=== Begin Enclosure ===

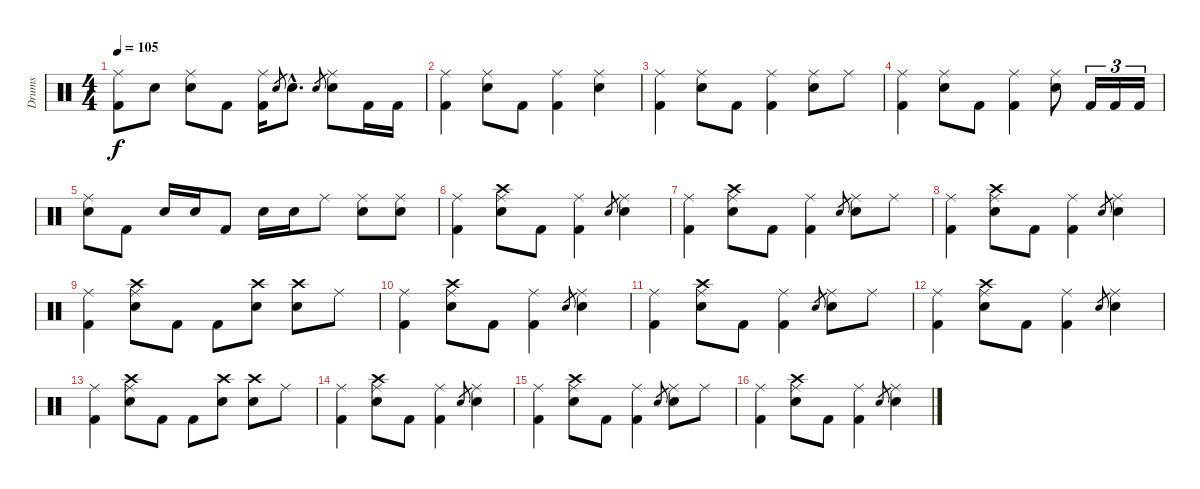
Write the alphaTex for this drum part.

\track ("Drums" "Drums") {instrument percussion}
\staff {score}
\articulation defaults
\ts (4 4)
\tempo 105
\clef neutral
\ks c
("Ride (middle)" "Kick (hit) 2").8{dy f} "Electric Snare (hit)".8 ("Ride (middle)" "Electric Snare (hit)").8 "Kick (hit) 2".8 ("Ride (middle)" "Kick (hit) 2").16 "Electric Snare (hit)".8{gr} "Electric Snare (hit)"{hac}.8{d} "Electric Snare (hit)".8{gr} ("Ride (middle)" "Electric Snare (hit)").8 "Kick (hit) 2".16 "Kick (hit) 2".16 |
("Ride (middle)" "Kick (hit) 2").4 ("Ride (middle)" "Electric Snare (hit)").8 "Kick (hit) 2".8 ("Ride (middle)" "Kick (hit) 2").4 ("Ride (middle)" "Electric Snare (hit)").4 |
("Ride (middle)" "Kick (hit) 2").4 ("Ride (middle)" "Electric Snare (hit)").8 "Kick (hit) 2".8 ("Ride (middle)" "Kick (hit) 2").4 ("Ride (middle)" "Electric Snare (hit)").8 "Ride (middle)".8 |
("Ride (middle)" "Kick (hit) 2").4 ("Ride (middle)" "Electric Snare (hit)").8 "Kick (hit) 2".8 ("Ride (middle)" "Kick (hit) 2").4 ("Ride (middle)" "Electric Snare (hit)").8 "Kick (hit) 2".16{tu (3 2)} "Kick (hit) 2".16{tu (3 2)} "Kick (hit) 2".16{tu (3 2)} |
("Ride (middle)" "Electric Snare (hit)").8 "Kick (hit) 2".8 "Electric Snare (hit)".16 "Electric Snare (hit)".16 "Kick (hit) 2".8 "Electric Snare (hit)".16 "Electric Snare (hit)".16 "Ride (middle)".8 ("Ride (middle)" "Electric Snare (hit)").8 ("Ride (middle)" "Electric Snare (hit)").8 |
("Ride (middle)" "Kick (hit) 2").4 ("Crash high (hit)" "Ride (middle)" "Electric Snare (hit)").8 "Kick (hit) 2".8 ("Ride (middle)" "Kick (hit) 2").4 "Electric Snare (hit)".8{gr} ("Ride (middle)" "Electric Snare (hit)").4 |
("Ride (middle)" "Kick (hit) 2").4 ("Crash high (hit)" "Ride (middle)" "Electric Snare (hit)").8 "Kick (hit) 2".8 ("Ride (middle)" "Kick (hit) 2").4 "Electric Snare (hit)".8{gr} ("Ride (middle)" "Electric Snare (hit)").8 "Ride (middle)".8 |
("Ride (middle)" "Kick (hit) 2").4 ("Crash high (hit)" "Ride (middle)" "Electric Snare (hit)").8 "Kick (hit) 2".8 ("Ride (middle)" "Kick (hit) 2").4 "Electric Snare (hit)".8{gr} ("Ride (middle)" "Electric Snare (hit)").4 |
("Ride (middle)" "Kick (hit) 2").4 ("Crash high (hit)" "Ride (middle)" "Electric Snare (hit)").8 "Kick (hit) 2".8 "Kick (hit) 2".8 ("Crash high (hit)" "Electric Snare (hit)").8 ("Crash high (hit)" "Electric Snare (hit)").8 "Ride (middle)".8 |
("Ride (middle)" "Kick (hit) 2").4 ("Crash high (hit)" "Ride (middle)" "Electric Snare (hit)").8 "Kick (hit) 2".8 ("Ride (middle)" "Kick (hit) 2").4 "Electric Snare (hit)".8{gr} ("Ride (middle)" "Electric Snare (hit)").4 |
("Ride (middle)" "Kick (hit) 2").4 ("Crash high (hit)" "Ride (middle)" "Electric Snare (hit)").8 "Kick (hit) 2".8 ("Ride (middle)" "Kick (hit) 2").4 "Electric Snare (hit)".8{gr} ("Ride (middle)" "Electric Snare (hit)").8 "Ride (middle)".8 |
("Ride (middle)" "Kick (hit) 2").4 ("Crash high (hit)" "Ride (middle)" "Electric Snare (hit)").8 "Kick (hit) 2".8 ("Ride (middle)" "Kick (hit) 2").4 "Electric Snare (hit)".8{gr} ("Ride (middle)" "Electric Snare (hit)").4 |
("Ride (middle)" "Kick (hit) 2").4 ("Crash high (hit)" "Ride (middle)" "Electric Snare (hit)").8 "Kick (hit) 2".8 "Kick (hit) 2".8 ("Crash high (hit)" "Electric Snare (hit)").8 ("Crash high (hit)" "Electric Snare (hit)").8 "Ride (middle)".8 |
("Ride (middle)" "Kick (hit) 2").4 ("Crash high (hit)" "Ride (middle)" "Electric Snare (hit)").8 "Kick (hit) 2".8 ("Ride (middle)" "Kick (hit) 2").4 "Electric Snare (hit)".8{gr} ("Ride (middle)" "Electric Snare (hit)").4 |
("Ride (middle)" "Kick (hit) 2").4 ("Crash high (hit)" "Ride (middle)" "Electric Snare (hit)").8 "Kick (hit) 2".8 ("Ride (middle)" "Kick (hit) 2").4 "Electric Snare (hit)".8{gr} ("Ride (middle)" "Electric Snare (hit)").8 "Ride (middle)".8 |
("Ride (middle)" "Kick (hit) 2").4 ("Crash high (hit)" "Ride (middle)" "Electric Snare (hit)").8 "Kick (hit) 2".8 ("Ride (middle)" "Kick (hit) 2").4 "Electric Snare (hit)".8{gr} ("Ride (middle)" "Electric Snare (hit)").4

=== End Enclosure ===

**Required work**
Verbatim copy without images: write the records above out in full.

**Solved exercise**
Write the alphaTex for this drum part.

\track ("Drums" "Drums") {instrument percussion}
\staff {score}
\articulation defaults
\ts (4 4)
\tempo 105
\clef neutral
\ks c
("Ride (middle)" "Kick (hit) 2").8{dy f} "Electric Snare (hit)".8 ("Ride (middle)" "Electric Snare (hit)").8 "Kick (hit) 2".8 ("Ride (middle)" "Kick (hit) 2").16 "Electric Snare (hit)".8{gr} "Electric Snare (hit)"{hac}.8{d} "Electric Snare (hit)".8{gr} ("Ride (middle)" "Electric Snare (hit)").8 "Kick (hit) 2".16 "Kick (hit) 2".16 |
("Ride (middle)" "Kick (hit) 2").4 ("Ride (middle)" "Electric Snare (hit)").8 "Kick (hit) 2".8 ("Ride (middle)" "Kick (hit) 2").4 ("Ride (middle)" "Electric Snare (hit)").4 |
("Ride (middle)" "Kick (hit) 2").4 ("Ride (middle)" "Electric Snare (hit)").8 "Kick (hit) 2".8 ("Ride (middle)" "Kick (hit) 2").4 ("Ride (middle)" "Electric Snare (hit)").8 "Ride (middle)".8 |
("Ride (middle)" "Kick (hit) 2").4 ("Ride (middle)" "Electric Snare (hit)").8 "Kick (hit) 2".8 ("Ride (middle)" "Kick (hit) 2").4 ("Ride (middle)" "Electric Snare (hit)").8 "Kick (hit) 2".16{tu (3 2)} "Kick (hit) 2".16{tu (3 2)} "Kick (hit) 2".16{tu (3 2)} |
("Ride (middle)" "Electric Snare (hit)").8 "Kick (hit) 2".8 "Electric Snare (hit)".16 "Electric Snare (hit)".16 "Kick (hit) 2".8 "Electric Snare (hit)".16 "Electric Snare (hit)".16 "Ride (middle)".8 ("Ride (middle)" "Electric Snare (hit)").8 ("Ride (middle)" "Electric Snare (hit)").8 |
("Ride (middle)" "Kick (hit) 2").4 ("Crash high (hit)" "Ride (middle)" "Electric Snare (hit)").8 "Kick (hit) 2".8 ("Ride (middle)" "Kick (hit) 2").4 "Electric Snare (hit)".8{gr} ("Ride (middle)" "Electric Snare (hit)").4 |
("Ride (middle)" "Kick (hit) 2").4 ("Crash high (hit)" "Ride (middle)" "Electric Snare (hit)").8 "Kick (hit) 2".8 ("Ride (middle)" "Kick (hit) 2").4 "Electric Snare (hit)".8{gr} ("Ride (middle)" "Electric Snare (hit)").8 "Ride (middle)".8 |
("Ride (middle)" "Kick (hit) 2").4 ("Crash high (hit)" "Ride (middle)" "Electric Snare (hit)").8 "Kick (hit) 2".8 ("Ride (middle)" "Kick (hit) 2").4 "Electric Snare (hit)".8{gr} ("Ride (middle)" "Electric Snare (hit)").4 |
("Ride (middle)" "Kick (hit) 2").4 ("Crash high (hit)" "Ride (middle)" "Electric Snare (hit)").8 "Kick (hit) 2".8 "Kick (hit) 2".8 ("Crash high (hit)" "Electric Snare (hit)").8 ("Crash high (hit)" "Electric Snare (hit)").8 "Ride (middle)".8 |
("Ride (middle)" "Kick (hit) 2").4 ("Crash high (hit)" "Ride (middle)" "Electric Snare (hit)").8 "Kick (hit) 2".8 ("Ride (middle)" "Kick (hit) 2").4 "Electric Snare (hit)".8{gr} ("Ride (middle)" "Electric Snare (hit)").4 |
("Ride (middle)" "Kick (hit) 2").4 ("Crash high (hit)" "Ride (middle)" "Electric Snare (hit)").8 "Kick (hit) 2".8 ("Ride (middle)" "Kick (hit) 2").4 "Electric Snare (hit)".8{gr} ("Ride (middle)" "Electric Snare (hit)").8 "Ride (middle)".8 |
("Ride (middle)" "Kick (hit) 2").4 ("Crash high (hit)" "Ride (middle)" "Electric Snare (hit)").8 "Kick (hit) 2".8 ("Ride (middle)" "Kick (hit) 2").4 "Electric Snare (hit)".8{gr} ("Ride (middle)" "Electric Snare (hit)").4 |
("Ride (middle)" "Kick (hit) 2").4 ("Crash high (hit)" "Ride (middle)" "Electric Snare (hit)").8 "Kick (hit) 2".8 "Kick (hit) 2".8 ("Crash high (hit)" "Electric Snare (hit)").8 ("Crash high (hit)" "Electric Snare (hit)").8 "Ride (middle)".8 |
("Ride (middle)" "Kick (hit) 2").4 ("Crash high (hit)" "Ride (middle)" "Electric Snare (hit)").8 "Kick (hit) 2".8 ("Ride (middle)" "Kick (hit) 2").4 "Electric Snare (hit)".8{gr} ("Ride (middle)" "Electric Snare (hit)").4 |
("Ride (middle)" "Kick (hit) 2").4 ("Crash high (hit)" "Ride (middle)" "Electric Snare (hit)").8 "Kick (hit) 2".8 ("Ride (middle)" "Kick (hit) 2").4 "Electric Snare (hit)".8{gr} ("Ride (middle)" "Electric Snare (hit)").8 "Ride (middle)".8 |
("Ride (middle)" "Kick (hit) 2").4 ("Crash high (hit)" "Ride (middle)" "Electric Snare (hit)").8 "Kick (hit) 2".8 ("Ride (middle)" "Kick (hit) 2").4 "Electric Snare (hit)".8{gr} ("Ride (middle)" "Electric Snare (hit)").4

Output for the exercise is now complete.